(Records from a collection)
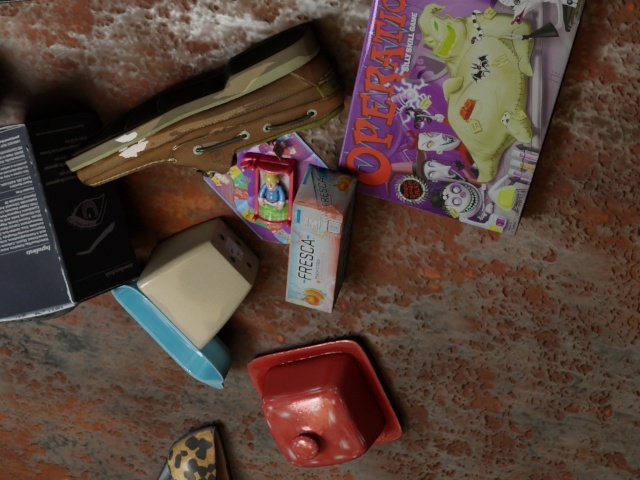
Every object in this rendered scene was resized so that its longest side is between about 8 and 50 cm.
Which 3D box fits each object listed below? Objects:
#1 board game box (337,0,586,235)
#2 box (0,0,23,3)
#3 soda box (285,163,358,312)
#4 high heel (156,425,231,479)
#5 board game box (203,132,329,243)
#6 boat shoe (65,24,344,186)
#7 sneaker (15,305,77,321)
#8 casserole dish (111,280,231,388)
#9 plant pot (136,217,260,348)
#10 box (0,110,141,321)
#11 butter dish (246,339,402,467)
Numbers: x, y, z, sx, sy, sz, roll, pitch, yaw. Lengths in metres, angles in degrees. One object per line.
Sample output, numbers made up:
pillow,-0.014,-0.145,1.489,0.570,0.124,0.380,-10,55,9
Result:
board game box,0.146,-0.179,1.529,0.208,0.056,0.346,18,126,10
box,-0.357,-0.313,1.510,0.261,0.184,0.103,-2,118,18
soda box,0.000,0.000,1.649,0.058,0.063,0.183,16,142,7
high heel,-0.095,0.356,1.935,0.261,0.093,0.186,27,112,-10
board game box,-0.058,-0.059,1.676,0.133,0.033,0.168,-34,107,31
boat shoe,-0.122,-0.114,1.584,0.307,0.110,0.104,-23,112,16
sneaker,-0.431,-0.012,1.766,0.331,0.122,0.146,20,128,3
casserole dish,-0.174,0.103,1.790,0.188,0.037,0.114,48,159,-14
plant pot,-0.132,0.040,1.724,0.096,0.109,0.109,-37,106,20
box,-0.304,-0.029,1.661,0.108,0.153,0.207,-12,94,24
butter dish,-0.005,0.216,1.787,0.160,0.118,0.160,-14,117,24
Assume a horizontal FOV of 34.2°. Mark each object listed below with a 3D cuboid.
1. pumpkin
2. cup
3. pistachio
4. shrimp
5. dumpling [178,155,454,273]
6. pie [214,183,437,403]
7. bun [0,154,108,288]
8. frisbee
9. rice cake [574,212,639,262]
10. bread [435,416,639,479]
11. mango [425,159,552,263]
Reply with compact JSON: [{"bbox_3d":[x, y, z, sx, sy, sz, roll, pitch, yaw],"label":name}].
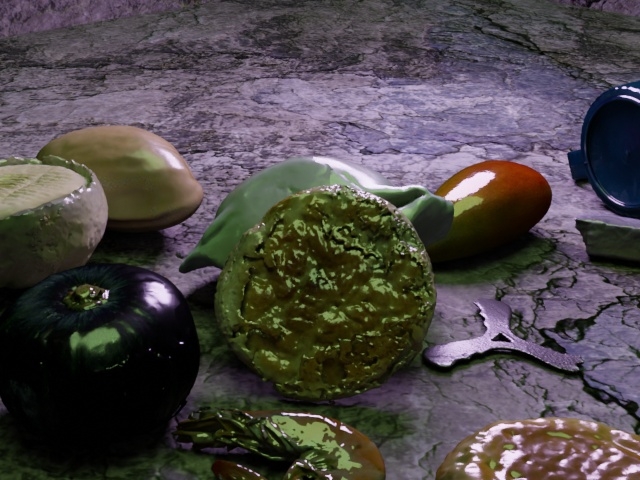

What is expected:
Write out each entry exactly as given, omitting any picture.

Task result:
Every object in this rendered scene was resized so that its longest side is between about 8 and 50 cm.
Which 3D box fits each object listed below? Objects:
#1 board game box (337,0,586,235)
#2 box (0,0,23,3)
#3 soda box (285,163,358,312)
#4 high heel (156,425,231,479)
#5 board game box (203,132,329,243)
#6 boat shoe (65,24,344,186)
#7 sneaker (15,305,77,321)
#8 casserole dish (111,280,231,388)
#9 plant pot (136,217,260,348)
#10 box (0,110,141,321)
#11 butter dish (246,339,402,467)
Numbers: x, y, z, sx, sy, sz, roll, pitch, yaw. Lengths in metres, angles in degrees. One object per line.
Sample output, numbers made up:
pillow,-0.014,-0.145,1.489,0.570,0.124,0.380,-10,55,9
Result:
board game box,0.146,-0.179,1.529,0.208,0.056,0.346,18,126,10
box,-0.357,-0.313,1.510,0.261,0.184,0.103,-2,118,18
soda box,0.000,0.000,1.649,0.058,0.063,0.183,16,142,7
high heel,-0.095,0.356,1.935,0.261,0.093,0.186,27,112,-10
board game box,-0.058,-0.059,1.676,0.133,0.033,0.168,-34,107,31
boat shoe,-0.122,-0.114,1.584,0.307,0.110,0.104,-23,112,16
sneaker,-0.431,-0.012,1.766,0.331,0.122,0.146,20,128,3
casserole dish,-0.174,0.103,1.790,0.188,0.037,0.114,48,159,-14
plant pot,-0.132,0.040,1.724,0.096,0.109,0.109,-37,106,20
box,-0.304,-0.029,1.661,0.108,0.153,0.207,-12,94,24
butter dish,-0.005,0.216,1.787,0.160,0.118,0.160,-14,117,24
Assume a horizontal FOV of 34.2°. Mark each object listed below with a 3D cuboid.
1. pumpkin
2. cup
3. pistachio
4. shrimp
5. dumpling [178,155,454,273]
6. pie [214,183,437,403]
7. bun [0,154,108,288]
8. frisbee
9. rice cake [574,212,639,262]
10. bread [435,416,639,479]
11. mango [425,159,552,263]
Reply with compact JSON: [{"bbox_3d":[x, y, z, sx, sy, sz, roll, pitch, yaw],"label":name}].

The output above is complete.